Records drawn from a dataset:
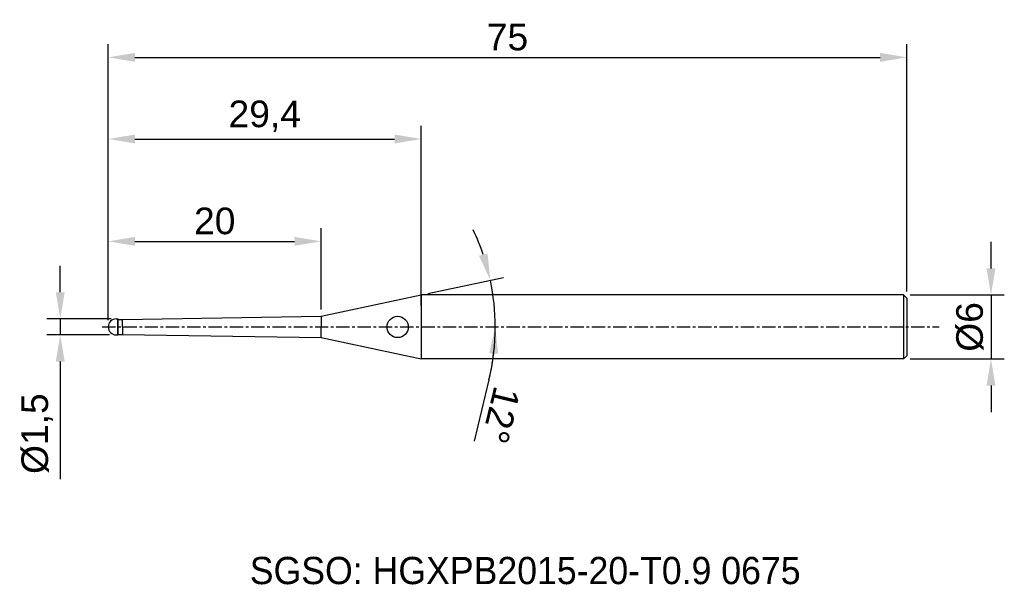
# Model space of a CAD drawing. Header units: millimetres. Extents: x 7885.6 to 7978.1, y 6079.1 to 6132.1.
import ezdxf
from ezdxf.enums import TextEntityAlignment as Align

# ---------------------------------------------------------------- set-up
doc = ezdxf.new("R2010")
doc.units = ezdxf.units.MM
doc.linetypes.add('CENTER', pattern=[2, 1.25, -0.25, 0.25, -0.25])
for name, color, linetype, lineweight in [('1', 4, 'Continuous', 25), ('SK1', 4, 'Continuous', 25), ('SK4', 2, 'Continuous', 25), ('SK6', 5, 'Continuous', 25)]:
    doc.layers.add(name, color=color, linetype=linetype, lineweight=lineweight)
doc.styles.add('MS PGothic', font='txt')
doc.styles.get("Standard").update_dxf_attribs({"font": 'arial.ttf'})
doc.dimstyles.new('ISO-25', dxfattribs={"dimtxt": 2.5, "dimasz": 2.5, "dimexe": 1.25, "dimexo": 0.625, "dimtad": 1, "dimtxsty": 'Standard', "dimcen": 2.5, "dimadec": 0, "dimazin": 0, "dimtfac": 1, "dimtmove": 0, "dimatfit": 3, "dimfxl": 1, "dimarcsym": 0})

# ---------------------------------------------------------------- blocks, each defined once
blk = doc.blocks.new('*D27')
at = {"color": 0, "linetype": 'ByBlock', "lineweight": -2, "transparency": 16777216}
for p, q in [((7976.829, 6108.788), (7976.829, 6111.288)), ((7969.237, 6106.288), (7978.079, 6106.288)), ((7976.829, 6106.288), (7976.829, 6100.288)), ((7969.237, 6100.288), (7978.079, 6100.288)), ((7976.829, 6097.788), (7976.829, 6095.288))]:
    blk.add_line(p, q, dxfattribs=at)
at = {"color": 0, "linetype": 'ByBlock', "transparency": 16777216}
for points in [[(7976.412, 6108.788), (7977.246, 6108.788), (7976.829, 6106.288)], [(7976.412, 6097.788), (7977.246, 6097.788), (7976.829, 6100.288)]]:
    blk.add_solid(points, dxfattribs=at)
at = {"layer": 'Defpoints', "color": 0, "linetype": 'ByBlock', "transparency": 16777216}
for p in [(7968.612, 6106.288), (7968.612, 6100.288), (7976.829, 6100.288)]:
    blk.add_point(p, dxfattribs=at)
at = {"color": 0, "linetype": 'ByBlock', "transparency": 16777216, "insert": (7974.858, 6103.288), "char_height": 2.5, "attachment_point": 5, "rotation": 90}
blk.add_mtext('{\\fArial|b0|i0|c134|p34;%%C}6', dxfattribs=at)
blk = doc.blocks.new('*D28')
at = {"color": 0, "linetype": 'ByBlock', "lineweight": -2, "transparency": 16777216}
for p, q in [((7889.399, 6106.538), (7889.399, 6109.038)), ((7894.187, 6104.038), (7888.149, 6104.038)), ((7889.399, 6104.038), (7889.399, 6102.538)), ((7894.037, 6102.538), (7888.149, 6102.538)), ((7889.399, 6100.038), (7889.399, 6088.998))]:
    blk.add_line(p, q, dxfattribs=at)
at = {"color": 0, "linetype": 'ByBlock', "transparency": 16777216}
for points in [[(7888.982, 6106.538), (7889.816, 6106.538), (7889.399, 6104.038)], [(7888.982, 6100.038), (7889.816, 6100.038), (7889.399, 6102.538)]]:
    blk.add_solid(points, dxfattribs=at)
at = {"layer": 'Defpoints', "color": 0, "linetype": 'ByBlock', "transparency": 16777216}
for p in [(7894.812, 6104.038), (7889.399, 6102.538), (7894.662, 6102.538)]:
    blk.add_point(p, dxfattribs=at)
at = {"color": 0, "linetype": 'ByBlock', "transparency": 16777216, "insert": (7887.231, 6093.268), "char_height": 2.5, "attachment_point": 5, "rotation": 90}
blk.add_mtext('{\\fArial|b0|i0|c134|p34;%%C}1,5', dxfattribs=at)
blk = doc.blocks.new('*D30')
at = {"color": 0, "linetype": 'ByBlock', "lineweight": -2, "transparency": 16777216}
for p, q in [((7893.912, 6103.913), (7893.912, 6112.571)), ((7913.912, 6104.916), (7913.912, 6112.571)), ((7896.412, 6111.321), (7911.412, 6111.321))]:
    blk.add_line(p, q, dxfattribs=at)
at = {"color": 0, "linetype": 'ByBlock', "transparency": 16777216}
for points in [[(7896.412, 6111.738), (7896.412, 6110.905), (7893.912, 6111.321)], [(7911.412, 6111.738), (7911.412, 6110.905), (7913.912, 6111.321)]]:
    blk.add_solid(points, dxfattribs=at)
at = {"layer": 'Defpoints', "color": 0, "linetype": 'ByBlock', "transparency": 16777216}
for p in [(7913.912, 6111.321), (7913.912, 6104.291), (7893.912, 6103.288)]:
    blk.add_point(p, dxfattribs=at)
at = {"color": 0, "linetype": 'ByBlock', "transparency": 16777216, "insert": (7903.912, 6113.223), "char_height": 2.5, "attachment_point": 5}
blk.add_mtext('20', dxfattribs=at)
blk = doc.blocks.new('*D31')
at = {"color": 0, "linetype": 'ByBlock', "lineweight": -2, "transparency": 16777216}
for p, q in [((7893.912, 6103.913), (7893.912, 6122.183)), ((7923.307, 6105.287), (7923.307, 6122.183)), ((7896.412, 6120.933), (7920.807, 6120.933))]:
    blk.add_line(p, q, dxfattribs=at)
at = {"color": 0, "linetype": 'ByBlock', "transparency": 16777216}
for points in [[(7896.412, 6121.35), (7896.412, 6120.517), (7893.912, 6120.933)], [(7920.807, 6121.35), (7920.807, 6120.517), (7923.307, 6120.933)]]:
    blk.add_solid(points, dxfattribs=at)
at = {"layer": 'Defpoints', "color": 0, "linetype": 'ByBlock', "transparency": 16777216}
for p in [(7923.307, 6120.933), (7923.307, 6104.662), (7893.912, 6103.288)]:
    blk.add_point(p, dxfattribs=at)
at = {"color": 0, "linetype": 'ByBlock', "transparency": 16777216, "insert": (7908.609, 6123.061), "char_height": 2.5, "attachment_point": 5}
blk.add_mtext('29,4', dxfattribs=at)
blk = doc.blocks.new('*D32')
at = {"color": 0, "linetype": 'ByBlock', "lineweight": -2, "transparency": 16777216}
for p, q in [((7893.912, 6103.913), (7893.912, 6129.848)), ((7968.912, 6106.613), (7968.912, 6129.848)), ((7896.412, 6128.598), (7966.412, 6128.598))]:
    blk.add_line(p, q, dxfattribs=at)
at = {"color": 0, "linetype": 'ByBlock', "transparency": 16777216}
for points in [[(7896.412, 6129.014), (7896.412, 6128.181), (7893.912, 6128.598)], [(7966.412, 6129.014), (7966.412, 6128.181), (7968.912, 6128.598)]]:
    blk.add_solid(points, dxfattribs=at)
at = {"layer": 'Defpoints', "color": 0, "linetype": 'ByBlock', "transparency": 16777216}
for p in [(7968.912, 6128.598), (7968.912, 6105.988), (7893.912, 6103.288)]:
    blk.add_point(p, dxfattribs=at)
at = {"color": 0, "linetype": 'ByBlock', "transparency": 16777216, "insert": (7931.412, 6130.494), "char_height": 2.5, "attachment_point": 5}
blk.add_mtext('75', dxfattribs=at)
blk = doc.blocks.new('*D51')
at = {"color": 0, "linetype": 'ByBlock', "lineweight": -2, "transparency": 16777216}
for p, q in [((7923.918, 6106.418), (7931.023, 6107.928)), ((7929.668, 6098.323), (7928.273, 6092.571))]:
    blk.add_line(p, q, dxfattribs=at)
for start, end in [(18.80292, 25.60584), (0, 12), (346.37004, 0), (346.39416, 353.19708)]:
    blk.add_arc((7909.193, 6103.288), 21.068, start, end, dxfattribs=at)
at = {"color": 0, "linetype": 'ByBlock', "transparency": 16777216}
for points in [[(7929.538, 6110.189), (7928.735, 6109.968), (7929.801, 6107.668)], [(7929.697, 6100.817), (7930.529, 6100.768), (7930.261, 6103.288)]]:
    blk.add_solid(points, dxfattribs=at)
at = {"layer": 'Defpoints', "color": 0, "linetype": 'ByBlock', "transparency": 16777216}
for p in [(7923.307, 6106.288), (7930.056, 6106.22), (7913.912, 6104.291), (7893.331, 6103.288), (7971.974, 6103.288)]:
    blk.add_point(p, dxfattribs=at)
at = {"color": 0, "linetype": 'ByBlock', "transparency": 16777216, "insert": (7930.797, 6095.004), "char_height": 2.5, "attachment_point": 5, "rotation": 256.37004}
blk.add_mtext('12°', dxfattribs=at)

msp = doc.modelspace()

# ---------------------------------------------------------------- linework, layer by layer
at = {"color": 4, "linetype": 'ByBlock'}
for p, q in [((7923.307, 6106.288), (7923.307, 6100.288)), ((7895.262, 6103.998), (7913.912, 6104.291)), ((7913.912, 6104.291), (7913.912, 6103.288)), ((7894.812, 6102.538), (7894.812, 6104.038)), ((7895.262, 6103.288), (7895.262, 6103.998)), ((7895.262, 6103.288), (7895.262, 6102.578)), ((7895.262, 6102.578), (7913.912, 6102.285)), ((7913.912, 6102.285), (7913.912, 6103.288))]:
    msp.add_line(p, q, dxfattribs=at)
at = {"layer": '1', "color": 4, "linetype": 'Continuous'}
msp.add_circle((7921.094, 6103.288), 1, dxfattribs=at)
at = {"layer": 'SK1', "color": 4, "linetype": 'Continuous'}
for p, q in [((7913.912, 6104.291), (7923.307, 6106.288)), ((7913.912, 6102.285), (7923.307, 6100.288))]:
    msp.add_line(p, q, dxfattribs=at)
at = {"layer": 'SK1', "linetype": 'Continuous'}
for p, q in [((7968.612, 6106.288), (7923.307, 6106.288)), ((7968.612, 6106.288), (7968.912, 6105.988)), ((7968.612, 6106.288), (7968.612, 6100.288)), ((7968.912, 6105.988), (7968.912, 6100.588)), ((7894.662, 6104.038), (7894.812, 6104.038)), ((7894.812, 6104.038), (7894.812, 6102.576)), ((7894.812, 6103.998), (7895.262, 6103.998)), ((7894.662, 6102.538), (7894.812, 6102.538)), ((7894.812, 6102.578), (7895.262, 6102.578)), ((7894.812, 6102.538), (7894.812, 6102.576)), ((7968.912, 6100.588), (7968.612, 6100.288)), ((7968.612, 6100.288), (7923.307, 6100.288))]:
    msp.add_line(p, q, dxfattribs=at)
for start, end in [(90, 180), (180, 270)]:
    msp.add_arc((7894.662, 6103.288), 0.75, start, end, dxfattribs=at)
at = {"layer": 'SK4', "linetype": 'CENTER'}
msp.add_line((7893.331, 6103.288), (7971.974, 6103.288), dxfattribs=at)

# ---------------------------------------------------------------- texts
at = {"layer": 'SK6', "color": 5, "linetype": 'Continuous', "style": 'MS PGothic'}
msp.add_text('SGSO: HGXPB2015-20-T0.9 0675', height=2.55961, dxfattribs=at).set_placement((7907.202, 6078.369), align=Align.BOTTOM_LEFT)

# ---------------------------------------------------------------- dimensions: what is measured, and where the dimension line sits
at = {"linetype": 'ByBlock'}
for base, p1, p2, picture, middle in [((7968.912, 6128.598), (7893.912, 6103.288), (7968.912, 6105.988), '*D32', (7931.412, 6130.494)), ((7923.3069, 6120.9332), (7893.9116, 6103.2882), (7923.3069, 6104.662), '*D31', (7908.6093, 6123.0606)), ((7913.912, 6111.321), (7893.912, 6103.288), (7913.912, 6104.291), '*D30', (7903.912, 6113.223))]:
    dim = msp.add_linear_dim(base=base, p1=p1, p2=p2, dimstyle='ISO-25', dxfattribs=at)
    dim.commit()
    dim.dimension.update_dxf_attribs({"geometry": picture, "text_midpoint": middle})
dim = msp.add_angular_dim_2l(base=(7930.056, 6106.22), line1=((7913.912, 6104.291), (7923.307, 6106.288)), line2=((7893.331, 6103.288), (7971.974, 6103.288)), dimstyle='ISO-25', dxfattribs=at)
dim.commit()
dim.dimension.update_dxf_attribs({"geometry": '*D51', "text_midpoint": (7930.797, 6095.004)})
for base, p1, p2, picture, middle in [((7976.829, 6100.288), (7968.612, 6106.288), (7968.612, 6100.288), '*D27', (7974.858, 6103.288)), ((7889.399, 6102.538), (7894.812, 6104.038), (7894.662, 6102.538), '*D28', (7887.231, 6093.268))]:
    dim = msp.add_linear_dim(base=base, p1=p1, p2=p2, angle=90, text='{\\fArial|b0|i0|c134|p34;%%C}<>', dimstyle='ISO-25', dxfattribs=at)
    dim.commit()
    dim.dimension.update_dxf_attribs({"geometry": picture, "text_midpoint": middle})

doc.saveas('drawing.dxf')

_Problem statement_.
With "Align" as the search word, count the matching lines in the records and give the number alone.

_Expected answer_.
2